▶ **DATA**
· · ·
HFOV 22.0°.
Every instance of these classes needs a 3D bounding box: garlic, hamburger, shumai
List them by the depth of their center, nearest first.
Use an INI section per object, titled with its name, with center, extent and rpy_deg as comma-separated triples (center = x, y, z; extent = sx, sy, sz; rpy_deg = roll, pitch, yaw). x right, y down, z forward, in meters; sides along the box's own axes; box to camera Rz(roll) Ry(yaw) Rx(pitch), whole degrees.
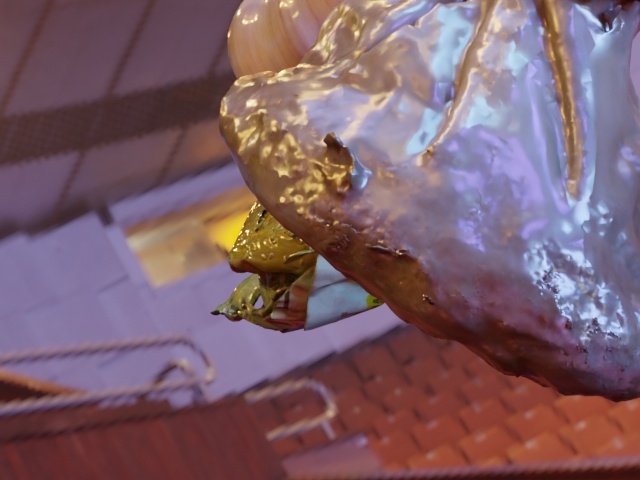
· · ·
▶ **WHAT TO WORK ON**
Your copy of the listing should match it exactly, apart from the pictures, which are left out.

▶ **RESULT OF THIS EXERCISE**
HFOV 22.0°.
Every instance of these classes needs a 3D bounding box: garlic, hamburger, shumai
List them by the depth of their center, nearest first.
Use an INI section per object, titled with its name, with center, extent and rpy_deg as comma-separated triples (center = x, y, z; extent = sx, sy, sz; rpy_deg = roll, pitch, yaw). x right, y down, z forward, in meters; sides along the box's own axes; box to camera Rz(roll) Ry(yaw) Rx(pitch), whole degrees.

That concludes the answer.